Sunday performance at Cleveland Institute of Music features innovative, real-time compositions from Case Western Reserve University physics professor, CIM instructor
Physics, mathematics and music will collide in real time in an unusual joint concert Sunday afternoon at the Cleveland Institute of Music (CIM).
“Crystals of Sound” is the result of a novel research and musical composition project conducted over the last year by Jesse Berezovsky, an associate professor of physics at Case Western Reserve University and Alex Cooke, a CIM faculty member, composer and theorist.
The performance of nine pieces from the two collaborators and student performers is at 4 p.m. at CIM’s Mixon Hall (11021 East Blvd., Cleveland).

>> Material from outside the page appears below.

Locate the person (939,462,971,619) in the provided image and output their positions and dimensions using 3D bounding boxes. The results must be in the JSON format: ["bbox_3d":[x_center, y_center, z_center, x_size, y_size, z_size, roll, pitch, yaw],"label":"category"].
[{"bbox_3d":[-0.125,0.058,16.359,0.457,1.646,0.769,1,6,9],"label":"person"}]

The concert is free and open to the public, but attendees must make a reservation on the CIM website, where the program will also be livestreamed.
But while Berezovsky—also classically trained viola player—and Cooke collaborated to bring the concert together, the program lists them not as composers, but as conducting algorithms that the computer uses to compose the music that will be played.

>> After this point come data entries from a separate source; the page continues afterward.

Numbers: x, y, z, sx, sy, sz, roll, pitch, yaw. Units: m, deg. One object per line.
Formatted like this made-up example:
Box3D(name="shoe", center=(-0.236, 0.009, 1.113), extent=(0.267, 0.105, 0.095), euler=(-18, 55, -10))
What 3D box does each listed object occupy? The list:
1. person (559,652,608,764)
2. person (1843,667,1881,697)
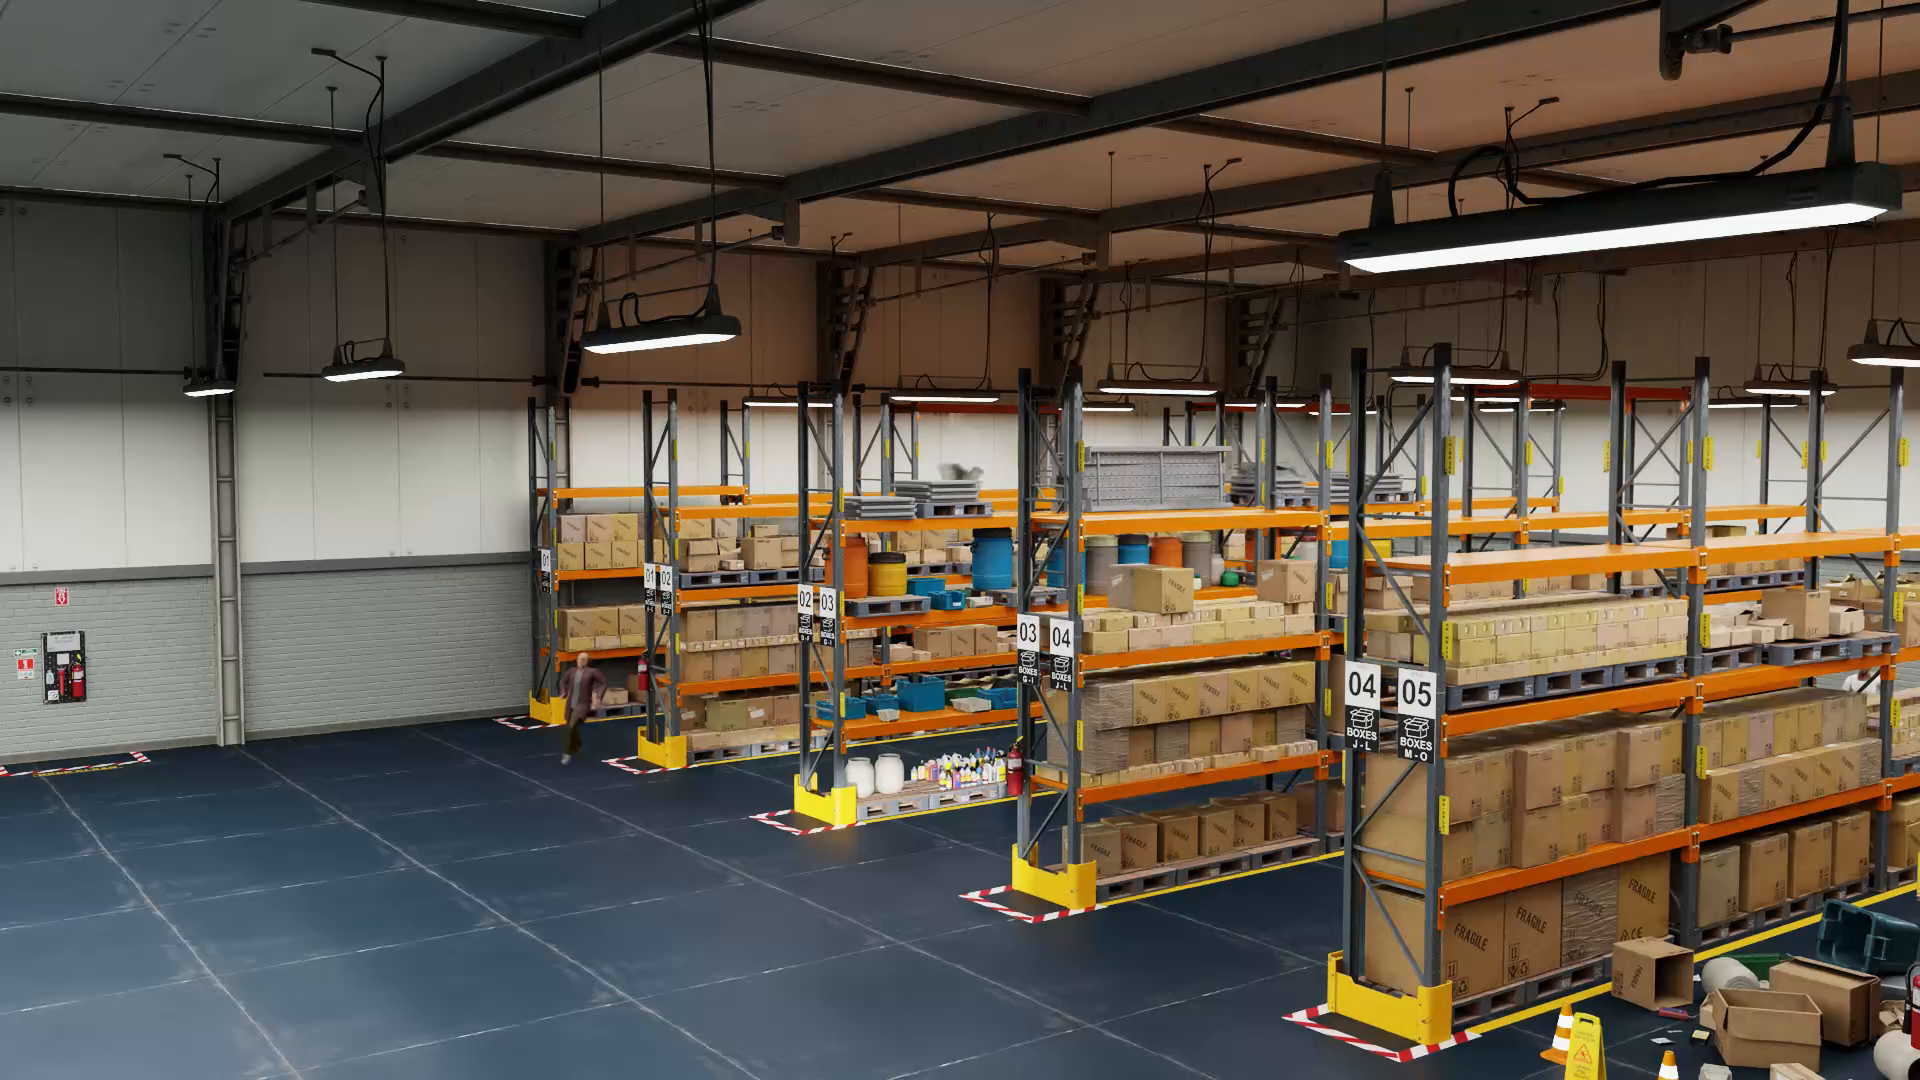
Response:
Box3D(name="person", center=(-6.134, 2.712, 26.921), extent=(0.769, 1.802, 0.751), euler=(1, 4, 20))
Box3D(name="person", center=(14.487, 2.743, 26.609), extent=(0.719, 1.715, 0.616), euler=(2, 4, 35))

Each of the nine original pieces will be played live on stage—sometimes even as they are being “composed” by a computer program—by student musicians from Case Western Reserve and CIM.
In some cases, a string quartet responding in real time to a score being manipulated by Berezovsky as his computer generates the melody, harmony and rhythm.
For others, a human performer interprets pieces composed by a computer. Or in a piece named “Criticality,” a solo violin part composed by Cooke is accompanied by a computer harmonizing the accompaniment generated in real time.
“Nearly every piece on Sunday will have something brand new in it,” Berezovsky said. “In some cases, that will mean a computer ‘playing’ something new, but in others it will mean the computer feeding a new score to musicians who will play it live, in real time.”
Berezovsky will sit at a computer and software system he calls “The Composer,” housed in a wooden cabinet he and several students built at the Larry Sears and Sally Zlotnick Sears think[box], Case Western Reserve’s innovative 50,000-square foot, seven-story makerspace.
The student musicians will sit in front of music stands they call “Smart Stands,” also built at think[box]. The stands show the computer-generated score being altered by Berezovsky so the students can play along.
In the final piece, “Free Energy,” members of the audience will be invited on stage to manipulate the various aspects of the composition using the Smart Stands. The stands also have smaller versions of The Composer, featuring knobs and dials that can tell the computer to change the beat, harmony or rhythm of the piece of music as it is being composed.
“It’s actually somewhat terrifying because no one knows what you’re going to end up with,” Berezovsky said. “In some cases, the chord progression is something that might sound familiar, almost boring, but other times, it’s borderline chaotic. It should be a lot of fun.”
Collaboration with support
Berezovsky and Cooke met about a year ago. A student working alongside Berezovsky and also taking courses at CIM suggested the two meet and compare notes on their shared interest in the science behind sound.
They did, and their common interest in music, math and physics led them to begin thinking about whether they could actually write algorithms to create music.
“It’s no secret that there are deep connections between music and science, but what we’re seeing now are parallels in their fundamental construction, which is something rather remarkable,” said Cooke, who has studied the statistics of musical patterns in Western music and developed his own algorithms for generating harmonies. “What we’re doing isn’t meant to replace the human composer or performer; rather, it is meant to highlight that every time we write a bar of music or play a piece, we are tapping into something quite profound, and there is a lot left to be explored there.”
Cooke also holds a Master of Science in Applied Mathematics from Case Western Reserve, where his thesis was Algorithmic Stochastic Music, combining mathematics and music into a system of composition and theoretical analysis.
“Projects like this one are the precise reason that the Expanding Horizons Initiative was created,” Ward said. “Watching the departments across the College and other Cleveland institutions bridge their expertise to create new innovations is incredible, and this collaboration of music and physics is a brilliant representation of that.”
The answer in physics—and music, Berezovsky argues—is called “phase transitions” (think of water boiling into vapor at it’s boiling point, or turning into solid ice at its freezing point) and comes about because of a balance between order and disorder, or entropy.
“We can look at a balance—or a competition—between dissonance and entropy of sound—and see that phase transitions can also occur from disordered sound to the ordered structures of music,” he said.
The theory also speaks to why we enjoy music—because it is caught in the tension between being too dissonant and too complex.